═══ Data for the task ═══

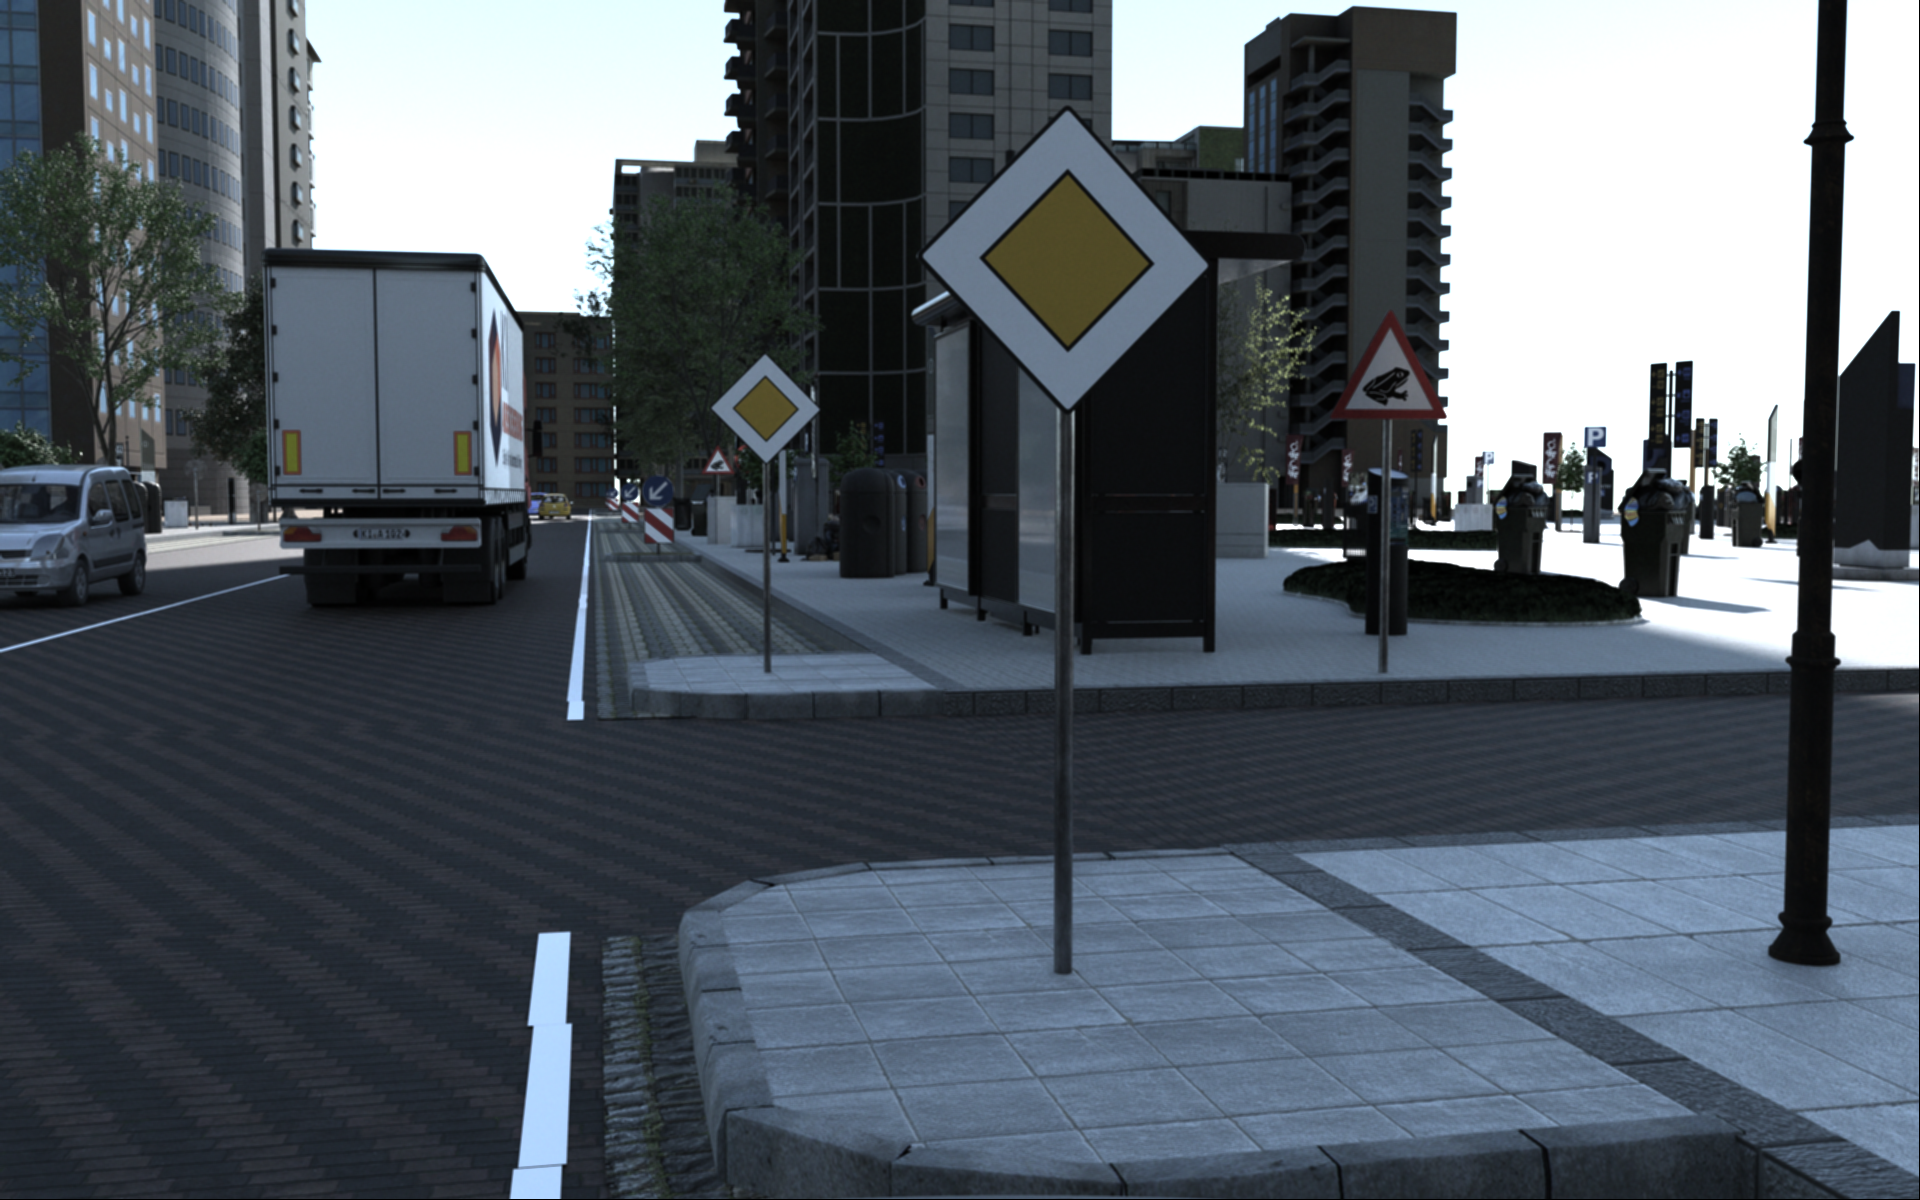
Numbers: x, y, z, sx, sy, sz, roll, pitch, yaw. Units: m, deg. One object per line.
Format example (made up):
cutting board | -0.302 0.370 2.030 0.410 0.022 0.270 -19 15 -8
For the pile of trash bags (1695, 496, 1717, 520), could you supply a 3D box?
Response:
pile of trash bags | 38.184 -4.709 86.737 3.447 1.369 1.912 0 4 -2

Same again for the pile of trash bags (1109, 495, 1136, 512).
pile of trash bags | 4.255 -3.002 58.828 1.912 1.369 3.447 -3 5 -42

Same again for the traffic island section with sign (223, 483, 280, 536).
traffic island section with sign | -24.442 -3.161 60.303 1.989 1.847 2.006 -1 4 -12

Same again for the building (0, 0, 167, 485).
building | -49.346 -26.699 86.640 14.600 45.320 14.200 -1 4 -12

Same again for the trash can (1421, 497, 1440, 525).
trash can | 19.851 -3.758 73.099 0.748 1.137 0.748 0 3 0

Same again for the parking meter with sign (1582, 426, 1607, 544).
parking meter with sign | 16.594 -3.005 45.396 0.543 3.016 1.738 1 4 18

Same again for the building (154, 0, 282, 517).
building | -56.115 -34.550 106.892 21.231 58.520 28.212 -1 4 -12

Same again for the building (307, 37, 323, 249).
building | -80.030 -36.120 179.800 27.495 52.752 28.713 -1 4 -12

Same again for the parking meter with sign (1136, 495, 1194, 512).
parking meter with sign | 3.824 -2.330 34.356 1.738 3.016 0.543 1 4 9

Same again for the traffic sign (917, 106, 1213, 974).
traffic sign | 0.274 -0.058 4.585 0.795 2.450 0.064 -1 4 -12

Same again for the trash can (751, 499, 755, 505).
trash can | -6.221 -2.606 54.260 0.748 1.137 0.748 0 3 0

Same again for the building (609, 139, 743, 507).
building | -26.595 -30.642 192.872 23.993 40.220 32.217 -1 4 -12

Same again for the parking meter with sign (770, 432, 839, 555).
parking meter with sign | -3.116 -2.457 36.439 1.738 3.016 0.543 -1 4 -17

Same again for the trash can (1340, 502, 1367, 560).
trash can | 7.611 -1.307 33.020 0.748 1.137 0.748 0 3 0

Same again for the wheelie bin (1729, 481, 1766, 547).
wheelie bin | 19.097 -2.088 42.040 0.693 1.594 0.980 0 4 4

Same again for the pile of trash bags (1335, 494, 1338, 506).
pile of trash bags | 20.758 -4.926 90.299 3.447 1.369 1.912 0 4 1

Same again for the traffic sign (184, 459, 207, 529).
traffic sign | -27.772 -3.844 62.959 0.768 2.556 0.104 -1 4 -11

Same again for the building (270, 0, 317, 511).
building | -63.193 -31.242 134.515 21.600 48.544 21.300 -1 4 -12

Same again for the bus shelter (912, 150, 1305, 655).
bus shelter | 0.854 -2.469 17.993 2.179 5.291 8.768 -1 4 -12

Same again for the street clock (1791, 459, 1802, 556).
street clock | 17.331 -1.898 35.597 0.471 2.002 0.358 1 4 18

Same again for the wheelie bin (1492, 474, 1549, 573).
wheelie bin | 9.099 -1.231 28.041 0.980 1.594 0.693 -3 5 -41

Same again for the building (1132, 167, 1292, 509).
building | 20.819 -23.575 157.153 14.107 30.474 14.160 -1 4 -12

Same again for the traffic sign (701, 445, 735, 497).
traffic sign | -6.453 -2.828 46.238 0.884 2.594 0.081 0 4 -6

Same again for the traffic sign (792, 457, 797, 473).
traffic sign | -4.125 -2.362 40.746 0.606 2.300 0.079 0 4 -6

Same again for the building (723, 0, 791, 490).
building | -7.698 -29.796 141.789 22.147 44.769 28.867 -1 4 -12

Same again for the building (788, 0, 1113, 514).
building | -2.478 -41.504 116.846 20.563 71.187 20.611 -1 4 -12

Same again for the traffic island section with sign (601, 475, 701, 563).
traffic island section with sign | -6.574 -1.734 36.985 1.989 1.847 2.006 -1 4 -12

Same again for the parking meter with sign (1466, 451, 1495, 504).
parking meter with sign | 21.071 -4.562 70.846 0.543 3.016 1.738 -1 4 -20

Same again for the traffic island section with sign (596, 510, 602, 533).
traffic island section with sign | -12.288 -3.378 63.852 1.989 1.847 2.006 -1 4 -12

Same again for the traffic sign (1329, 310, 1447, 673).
traffic sign | 3.041 -0.756 12.372 0.884 2.594 0.081 -1 4 -10

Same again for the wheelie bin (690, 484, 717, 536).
wheelie bin | -7.826 -2.760 53.033 0.980 1.594 0.693 3 4 36

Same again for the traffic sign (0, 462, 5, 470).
traffic sign | -25.171 -2.748 44.926 0.884 2.594 0.081 0 4 -5

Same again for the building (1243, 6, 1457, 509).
building | 34.976 -31.074 158.169 14.200 45.320 14.600 -1 4 -12

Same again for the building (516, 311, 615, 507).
building | -52.148 -20.883 186.471 28.899 21.520 27.650 -1 4 -12

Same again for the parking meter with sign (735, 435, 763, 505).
parking meter with sign | -5.146 -3.078 46.583 1.738 3.016 0.543 -1 4 -11

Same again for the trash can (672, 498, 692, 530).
trash can | -9.786 -3.029 61.177 0.748 1.137 0.748 0 3 0

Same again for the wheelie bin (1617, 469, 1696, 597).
wheelie bin | 8.723 -0.848 21.769 0.693 1.594 0.980 3 5 43

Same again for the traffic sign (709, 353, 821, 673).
traffic sign | -1.387 -0.535 12.396 0.795 2.450 0.064 -1 4 -12

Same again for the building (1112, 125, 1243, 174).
building | 22.747 -31.263 194.737 14.086 41.232 14.154 -1 4 -12

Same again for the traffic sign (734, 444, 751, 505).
traffic sign | -5.319 -2.672 43.795 0.768 2.556 0.104 -1 4 -8

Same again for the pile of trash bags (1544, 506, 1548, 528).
pile of trash bags | 21.517 -3.447 66.108 1.912 1.369 3.447 2 4 25

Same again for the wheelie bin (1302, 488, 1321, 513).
wheelie bin | 18.980 -5.239 93.567 0.980 1.594 0.693 0 4 7

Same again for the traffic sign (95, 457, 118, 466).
traffic sign | -28.904 -3.583 58.692 0.768 2.556 0.104 0 4 -7
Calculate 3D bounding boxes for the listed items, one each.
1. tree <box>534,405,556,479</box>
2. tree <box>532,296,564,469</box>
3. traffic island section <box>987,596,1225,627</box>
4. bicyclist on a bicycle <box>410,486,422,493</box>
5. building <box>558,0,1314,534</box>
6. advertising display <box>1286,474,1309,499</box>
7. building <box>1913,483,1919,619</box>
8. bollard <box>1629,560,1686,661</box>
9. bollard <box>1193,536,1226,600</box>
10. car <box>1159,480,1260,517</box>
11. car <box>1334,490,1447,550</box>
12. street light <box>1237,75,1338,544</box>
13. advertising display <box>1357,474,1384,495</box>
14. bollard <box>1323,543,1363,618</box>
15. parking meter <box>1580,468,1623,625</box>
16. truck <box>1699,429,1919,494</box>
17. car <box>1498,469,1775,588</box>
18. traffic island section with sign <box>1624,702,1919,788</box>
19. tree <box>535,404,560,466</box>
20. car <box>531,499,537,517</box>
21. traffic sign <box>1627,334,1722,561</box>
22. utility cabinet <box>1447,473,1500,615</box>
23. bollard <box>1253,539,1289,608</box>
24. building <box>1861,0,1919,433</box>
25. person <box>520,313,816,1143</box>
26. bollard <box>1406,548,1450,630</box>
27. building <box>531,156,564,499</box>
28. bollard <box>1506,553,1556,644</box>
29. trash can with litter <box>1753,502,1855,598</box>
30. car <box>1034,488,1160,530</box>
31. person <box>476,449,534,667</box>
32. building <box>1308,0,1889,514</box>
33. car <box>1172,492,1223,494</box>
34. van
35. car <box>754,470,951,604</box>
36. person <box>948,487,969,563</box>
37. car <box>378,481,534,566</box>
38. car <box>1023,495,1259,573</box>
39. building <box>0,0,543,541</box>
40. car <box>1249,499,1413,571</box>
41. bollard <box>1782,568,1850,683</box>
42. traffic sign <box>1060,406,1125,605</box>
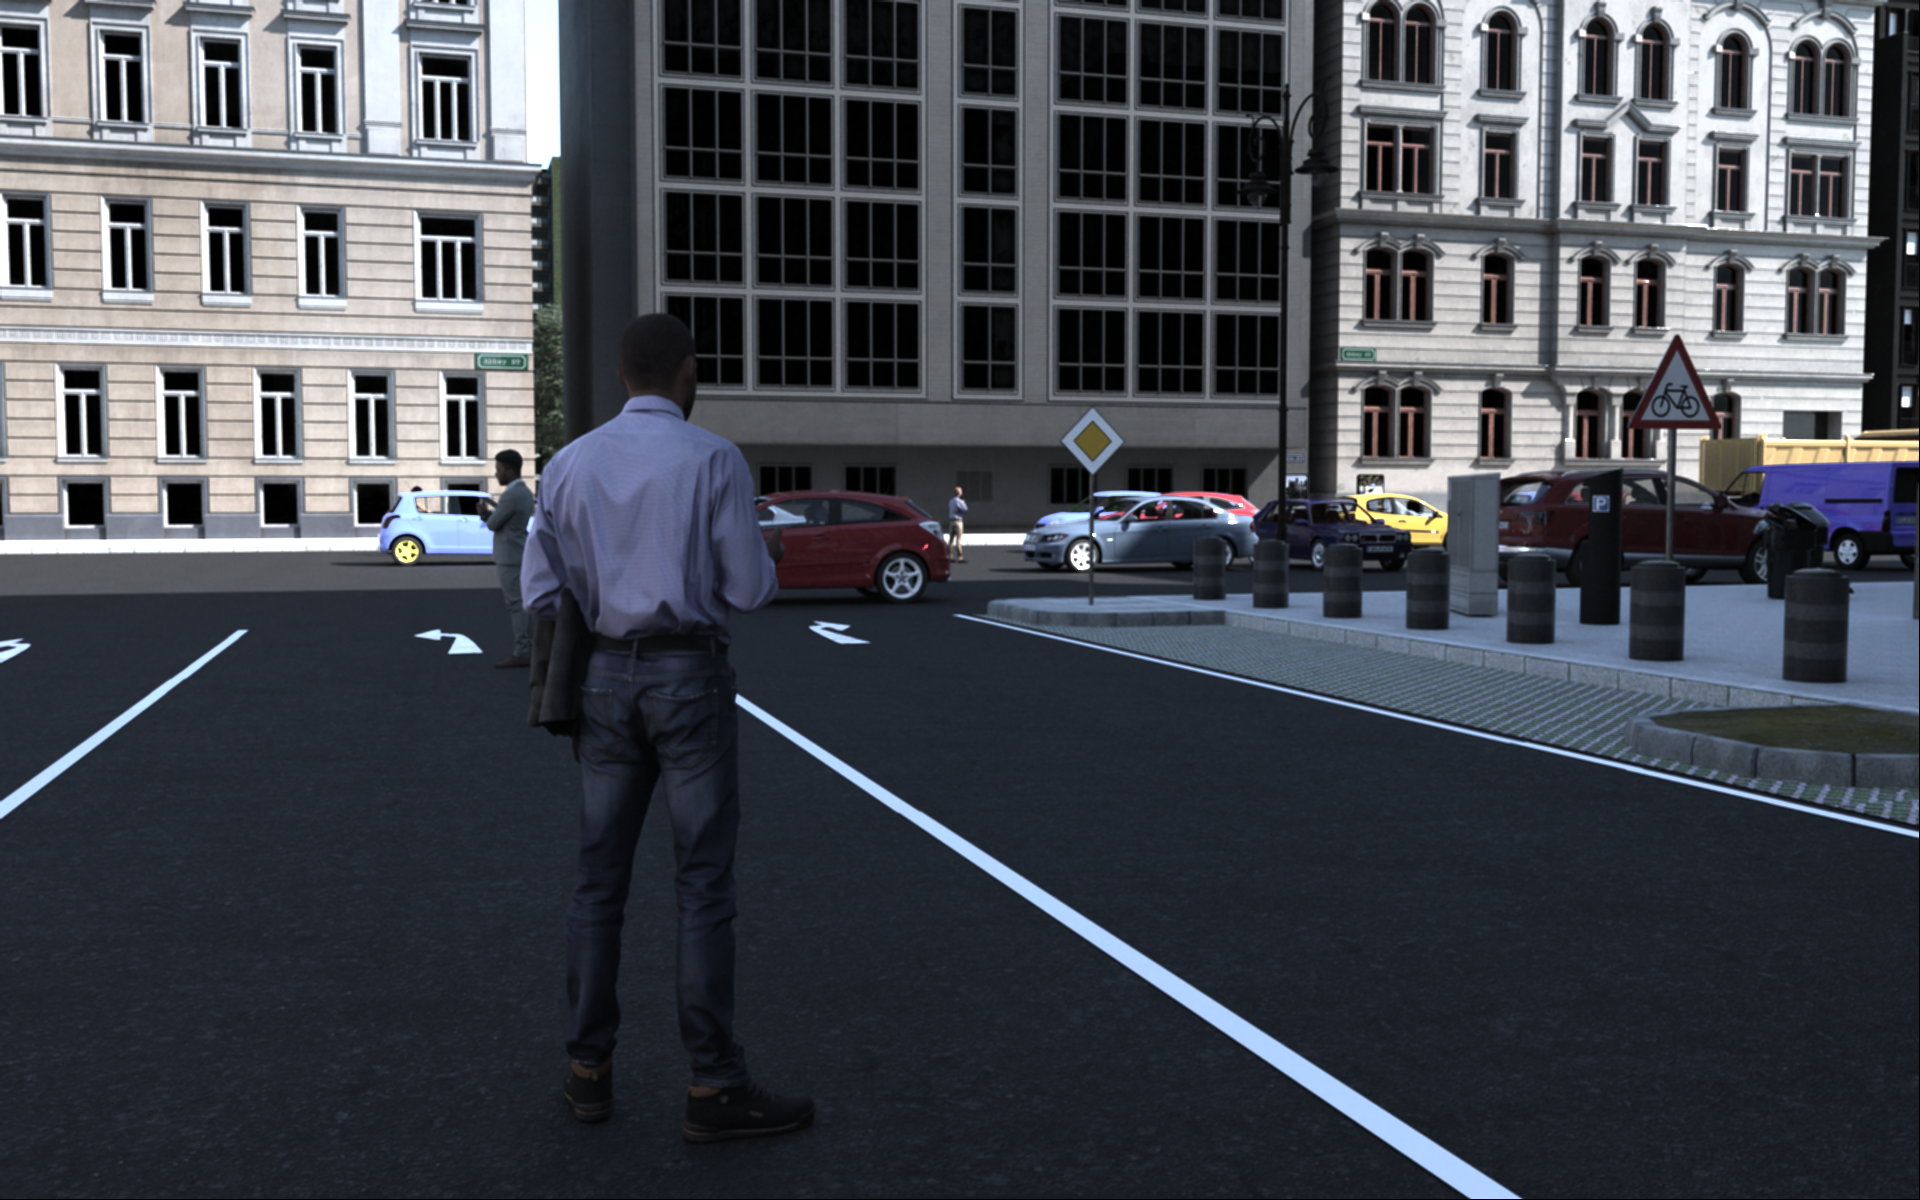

═══

**What is required**
Print the lines from the line with "40. car <box>1249,499,1413,571</box>" to the end of the data above. Include both ends, exclude the pictures, and add nothing else.

**Response area**
40. car <box>1249,499,1413,571</box>
41. bollard <box>1782,568,1850,683</box>
42. traffic sign <box>1060,406,1125,605</box>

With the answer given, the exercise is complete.